For more information, see: Brain disease.

Brain diseases are the field to which brain morphometry is most often applied, and the volume of the literature on this is vast.


Brain evolution

For more information, see: Brain evolution.

Brain changes also accumulate over periods longer than an individual life but even though twin studies have established that human brain structure is highly heritable, brain morphometric studies with such a broadened scope are rare. However, in the context of disorders with a known or suspected hereditary component, a number of studies have compared the brain morphometry of patients with both that of non-affected controls and that of subjects at high risk for developing the disorder. The latter group usually includes family members.

Even larger time gaps can be bridged by comparing human populations with a sufficiently long history of genetic separation, such as Central Europeans and Japanese. One surface-based study compared the brain shape between these two groups and found a difference in their gender-dependent brain asymmetries. Neuroimaging studies of this kind, combined with functional ones and behavioural data, provide promising and so far largely unexplored avenues to understand similarities and differences between different groups of people.

Like morphological analyses that compare brains at different ontogenetic or pathogenetic stages can reveal important information about normal or abnormal development within a given species, cross-species comparative studies have a similar potential to reveal evolutionary trends and phylogenetic relationships. Indeed, shape comparisons (though historically with an emphasis on qualitative criteria) formed the basis of biological taxonomy before the era of genetics. Three principle sources exist for comparative evolutionary investigations: Fossils, fresh-preserved post-mortem or in vivo studies.

The fossil record is dominated by structures that were already biomineralized during the lifetime of the respective organism (in the case of vertebrates, mainly teeth and bones). Brains, like other soft tissues, rarely fossilize, but occasionally they do. The probably oldest vertebrate brain known today belonged to a ratfish that lived around 300 million years ago (Pradel et al., 2009). While the technique most widely used to image fossils is Computed Tomography, this particular specimen was imaged by synchrotron tomography, and recent MR imaging studies with fossils suggest that the method may be used to image at least a subset of fossilized brains.

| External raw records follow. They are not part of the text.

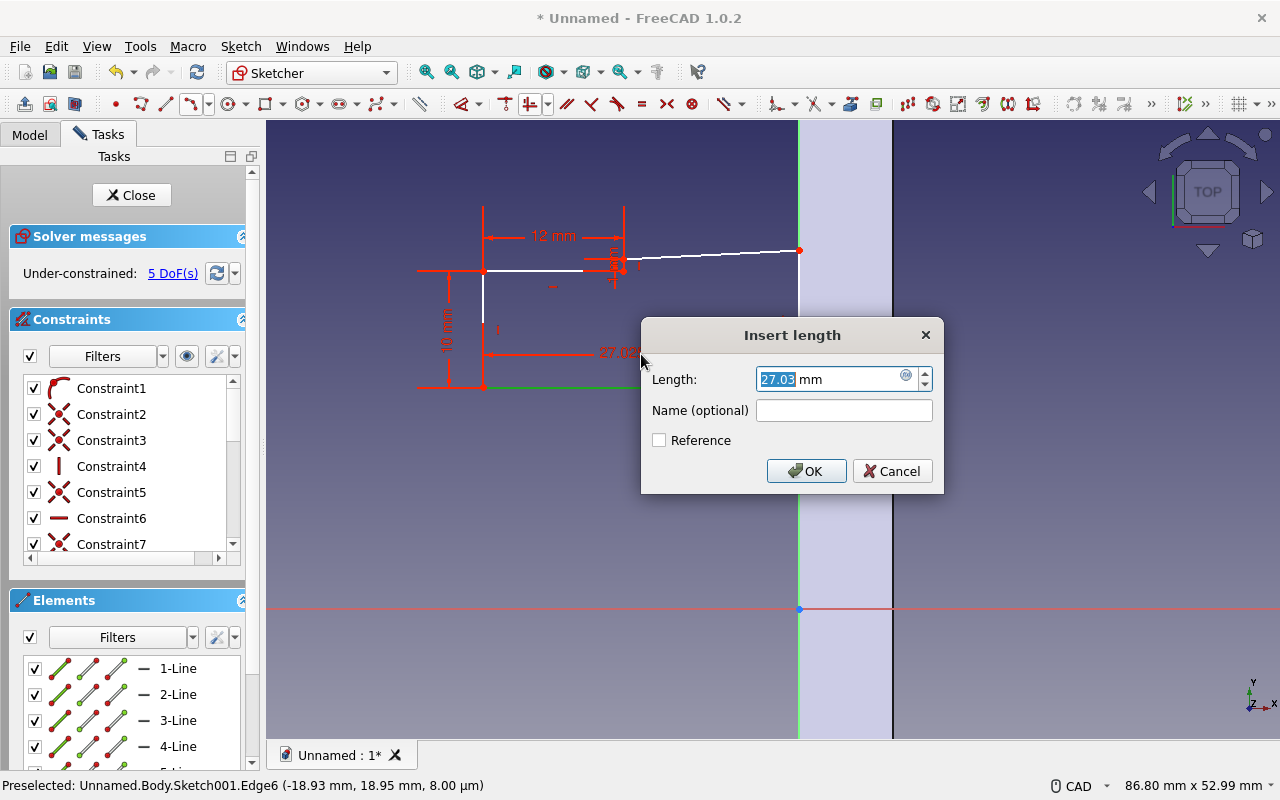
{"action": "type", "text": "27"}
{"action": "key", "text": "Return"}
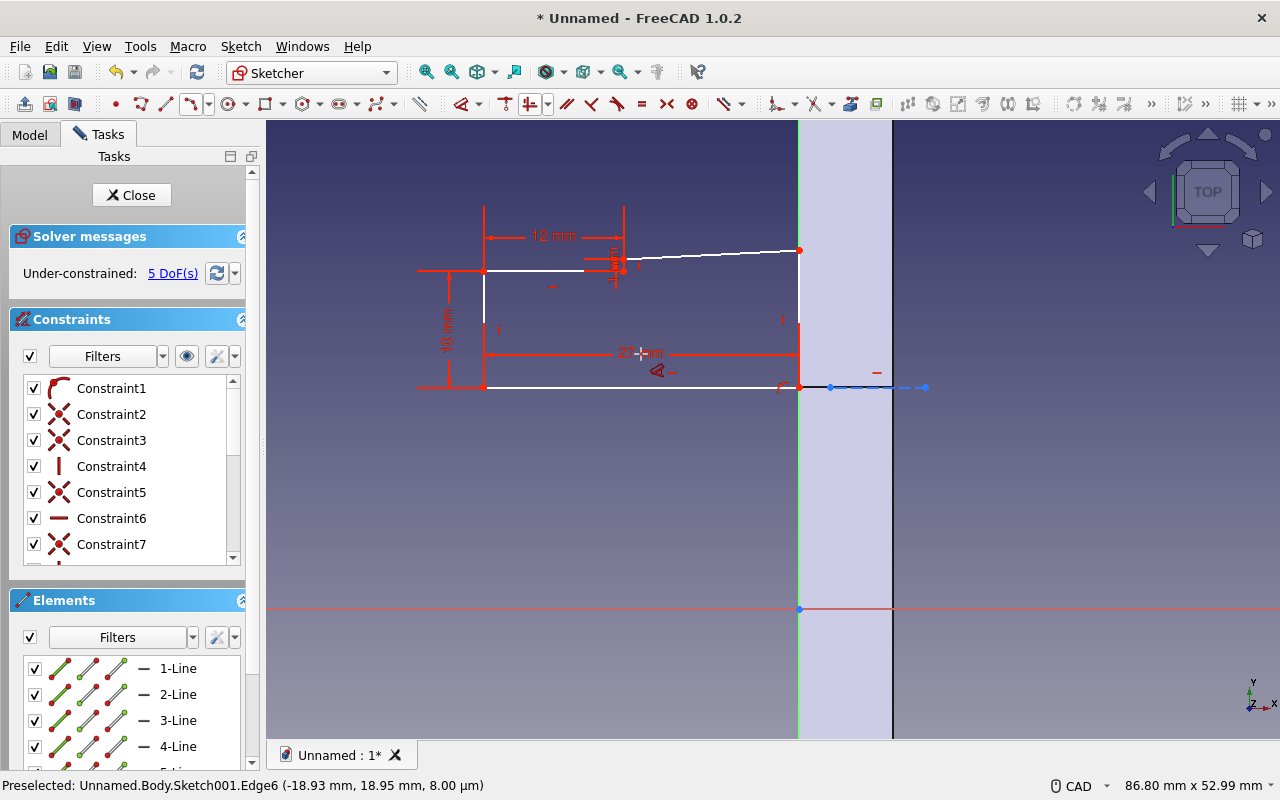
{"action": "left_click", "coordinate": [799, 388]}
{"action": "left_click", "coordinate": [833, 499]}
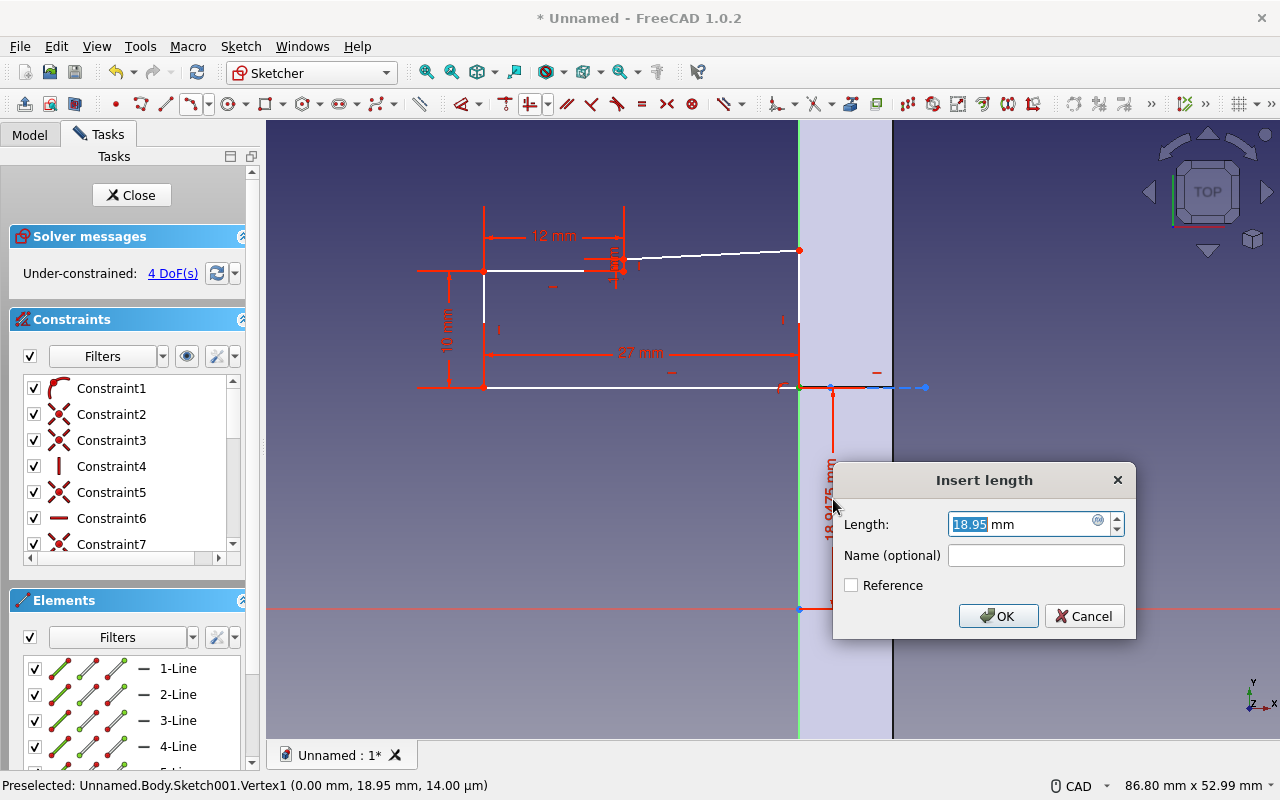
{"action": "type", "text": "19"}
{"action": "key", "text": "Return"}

MR images have also been obtained from the brain of a 3200-year-old Egyptian mummy. The perspectives are slim, however, that any three-dimensional imaging dataset of a fossil, semi-fossil or mummified brain will ever be of much use to morphometric analyses of the kind described here, since the processes of mummification and fossilization heavily alter the structure of soft tissues in a way specific to the individual specimen and subregions therein.

Post-mortem samples of living or recently extinct species, on the other hand, generally allow to obtain MR image qualities sufficient for morphometric analyses, though preservation artifacts would have to be taken into account. Previous MR imaging studies include specimens preserved in formalin, by freezing or in alcohol .

The third line of comparative evidence would be cross-species in vivo MR imaging studies like the one by Rilling & Insel (1998) who investigated brains from eleven primate species by VBM in order to shed new light on primate brian evolution. Other studies have combined morphometric with behavioural measures, and brain evolution does not only only concern primates: Gyrification occurs across mammalian brains if they reach a size of several centimeters — with cetaceans dominating the upper end of the spectrum — and generally increases slowly with overall brain size, following a power law.